I rarely get out these days but myself and Niall always try to squeeze in a relaxing pint on a Friday evening. Pubs whether you like or loath them are great places to meet people in a similarly relaxed state of mind and if you can get out quick enough can be very fruitful places to spend an hour.The week before last I found myself alone at the bar (Niall had other plans, or more accurately, someone had other plans for Niall) and I struck up a conversation with the guy beside me. Where am I going with all this? It turns out this gentleman is an amateur bee keeper with a sore hip who finds access to his hives a little tricky. Never being one to miss an opportunity (especially after a pint) it will come as no surprise to learn I am now landlord to about 10,000 bees.
When I say 10,000 that's only a few to get going. My hive is just a small colony to see how it all works out with just one layer of shallow honeycomb frames or 'supers' holding the aforementioned 10,000 bees. Apart from sitting by the hive and watching the bees land and take off that's all I've done so far so clearly I'm no expert but I thought you might be interested in what I've learned so far.

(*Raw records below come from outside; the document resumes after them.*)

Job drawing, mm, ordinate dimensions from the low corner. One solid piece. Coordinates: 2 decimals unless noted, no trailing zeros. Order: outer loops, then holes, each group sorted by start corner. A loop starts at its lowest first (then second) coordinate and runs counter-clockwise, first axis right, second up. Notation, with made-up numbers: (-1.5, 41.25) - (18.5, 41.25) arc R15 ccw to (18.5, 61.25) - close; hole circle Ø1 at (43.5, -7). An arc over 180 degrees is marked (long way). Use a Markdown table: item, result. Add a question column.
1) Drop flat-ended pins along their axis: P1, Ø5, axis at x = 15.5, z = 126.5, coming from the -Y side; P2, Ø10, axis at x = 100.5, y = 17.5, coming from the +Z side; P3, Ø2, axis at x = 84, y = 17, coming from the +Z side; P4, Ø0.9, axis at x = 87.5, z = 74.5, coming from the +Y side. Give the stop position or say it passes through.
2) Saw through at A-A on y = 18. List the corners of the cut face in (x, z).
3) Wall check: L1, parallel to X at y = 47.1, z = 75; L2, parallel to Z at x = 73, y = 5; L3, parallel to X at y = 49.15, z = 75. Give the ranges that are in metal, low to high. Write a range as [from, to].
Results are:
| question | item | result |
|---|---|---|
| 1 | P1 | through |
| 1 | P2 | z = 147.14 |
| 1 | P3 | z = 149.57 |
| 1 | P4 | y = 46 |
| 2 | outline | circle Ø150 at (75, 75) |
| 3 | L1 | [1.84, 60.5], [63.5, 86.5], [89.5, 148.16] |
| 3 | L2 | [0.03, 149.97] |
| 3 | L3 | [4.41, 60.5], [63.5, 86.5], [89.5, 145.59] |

Well, first of all we need bees, and we need them badly - so if you have ever felt the urge to keep bees, now is the time to give it a go. You can feel doubly smug as not only will you be producing your own delicious honey but you'll also be contributing to the common good. Did you know that a third of the food we eat is pollinated by bees? If we don't have bees, we have a serious food problem as we have nothing to pollinate many of our fruit and vegetables. That's the selfish 'what about us' bit but of course we're only a small part of the jigsaw with huge swathes of our animal and plant life all dependent on this busy insect.
Have a look at this cool collaboration between a Gardener (Alys Fowler) and a Beekeeper (Steve Benbow). They're currently trying to raise money to publish a book 'Letters to a Beekeeper' which looks like it will be a wonderful rambling yet informative read. You probably think I have Alys on the brain but by chance I asked about pickles, she told me about bees etc...etc.....

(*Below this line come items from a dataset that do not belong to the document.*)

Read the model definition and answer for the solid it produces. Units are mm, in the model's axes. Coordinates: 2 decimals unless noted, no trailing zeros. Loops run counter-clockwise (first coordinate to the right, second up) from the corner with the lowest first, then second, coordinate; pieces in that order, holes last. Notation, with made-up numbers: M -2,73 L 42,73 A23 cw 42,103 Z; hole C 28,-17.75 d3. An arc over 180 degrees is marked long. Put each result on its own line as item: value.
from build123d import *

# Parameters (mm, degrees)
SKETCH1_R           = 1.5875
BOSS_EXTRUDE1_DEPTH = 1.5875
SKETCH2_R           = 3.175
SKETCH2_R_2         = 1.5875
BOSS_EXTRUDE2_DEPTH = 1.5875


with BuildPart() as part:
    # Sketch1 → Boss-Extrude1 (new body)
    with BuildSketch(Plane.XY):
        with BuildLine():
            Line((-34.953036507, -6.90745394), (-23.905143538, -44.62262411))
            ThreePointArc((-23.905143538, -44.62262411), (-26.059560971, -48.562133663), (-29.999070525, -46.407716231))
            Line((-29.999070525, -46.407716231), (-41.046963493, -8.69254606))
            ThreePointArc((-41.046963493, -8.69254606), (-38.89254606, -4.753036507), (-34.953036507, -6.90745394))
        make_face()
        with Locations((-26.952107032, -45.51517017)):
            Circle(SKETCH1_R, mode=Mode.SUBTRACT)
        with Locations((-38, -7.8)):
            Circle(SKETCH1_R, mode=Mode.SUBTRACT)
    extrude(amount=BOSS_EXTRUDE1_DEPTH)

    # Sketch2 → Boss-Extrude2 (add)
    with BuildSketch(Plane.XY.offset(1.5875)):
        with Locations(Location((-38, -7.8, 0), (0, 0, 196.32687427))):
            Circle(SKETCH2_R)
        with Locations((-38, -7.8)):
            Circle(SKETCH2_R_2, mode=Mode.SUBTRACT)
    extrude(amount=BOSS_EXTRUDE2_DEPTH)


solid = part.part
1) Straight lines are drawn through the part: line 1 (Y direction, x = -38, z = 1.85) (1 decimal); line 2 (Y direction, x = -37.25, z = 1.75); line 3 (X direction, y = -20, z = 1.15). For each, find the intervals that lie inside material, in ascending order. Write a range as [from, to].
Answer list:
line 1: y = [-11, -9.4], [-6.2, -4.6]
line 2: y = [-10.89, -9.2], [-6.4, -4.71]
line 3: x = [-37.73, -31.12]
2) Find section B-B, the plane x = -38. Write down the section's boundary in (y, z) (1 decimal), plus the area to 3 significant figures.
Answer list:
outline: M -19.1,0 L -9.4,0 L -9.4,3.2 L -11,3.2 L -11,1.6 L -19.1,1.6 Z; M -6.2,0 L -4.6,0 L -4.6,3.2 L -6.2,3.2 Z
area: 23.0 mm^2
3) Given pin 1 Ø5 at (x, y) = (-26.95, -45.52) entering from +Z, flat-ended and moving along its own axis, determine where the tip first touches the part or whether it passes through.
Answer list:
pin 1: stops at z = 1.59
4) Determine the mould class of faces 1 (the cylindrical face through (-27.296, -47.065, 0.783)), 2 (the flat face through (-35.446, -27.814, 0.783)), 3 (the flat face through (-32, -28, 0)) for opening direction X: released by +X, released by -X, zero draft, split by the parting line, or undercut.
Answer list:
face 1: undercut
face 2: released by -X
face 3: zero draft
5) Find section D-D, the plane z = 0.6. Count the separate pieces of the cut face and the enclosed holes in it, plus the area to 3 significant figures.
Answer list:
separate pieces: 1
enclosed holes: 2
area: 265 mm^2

So, back to my hive. When the hive arrived I hadn't cleared the space for it so I was told to keep it closed up until I moved it to its final position. If I had opened the hive and the bees set their internal compasses I wouldn't be able to move it even by a couple of feet without disorientating them. Michael (my bee friend) asked me to build a base about 2 feet of the ground for the bee hive which would then placed on top. He didn't seem keen to hang around and just left the hive with me telling me once I placed it to remove the strip of grey foam (pipe insulation I suspected) blocking the entrance. I didn't want to appear overly nervous so I agreed and gave him a sickly smile as he drove away.
I don't know if you've every shuffled a few feet with a large box of bees buzzing under you chin but I can tell you it's rather tense. A bee hive is surprisingly heavy and I struggled to get it set on its plinth all the while picturing me dropping it and unleashing a murderous swarm of bees. That's not me in the picture by the way, I didn't get a go on the suit and the funny hat so no, I wasn't wearing any protective clothing.
I did get the hive fitted to my satisfaction (it has to be level) in the end and even though the bees were making quite a noise I quickly removed the door strip and made a run for it. To my relief only one or two bees emerged neither of which had any interest in me.
The following day Michael returned to open the hive and check if the Queen was still present. A hive without a Queen is doomed so it's important to make sure she's alive and well. You can see him checking the frames in the photo, the Queen is slightly larger than the rest (not that much) with a white dot on the back of her head and was thankfully still there.
So now what? The bees have been fed a syrup mixture to keep them going over their winter lock down and should be back in business by mid April next year. I have been completely enchanted by them in the meantime and can't go past the hive without sitting for a while and
watching them come and go. I don't have the clothing yet so don't open it but you'd be surprised how entertaining it is to just keep still and watch them. You can see in the pictures the bright yellow protein laden pollen sacks attached to their hind legs being brought back from their foraging trips. It really is fascinating to watch.
I'm also delighted to see them buzzing around my vegetable garden which is about 150 meters away, It's the reason I got them really so looking forward to gold standard pollination next year.
Some facts (as I understand them):
- My bees travel about 3 miles.
- I probably have about 10,000 but a full producing hive would contain about 50,000.
- You need to exclude the Queen from the part of the hive you are harvesting the honey from, otherwise she will lay eggs in the cells. This is done by adding another tier or 'super' and using a screen which is too small for the Queen but not for the rest of the bees.
- The reason you smoke bees (the puffer can emitting smoke) is to make them think there is a forest fire. They will gorge themselves with honey as they think the hive may burn down and this makes them more docile.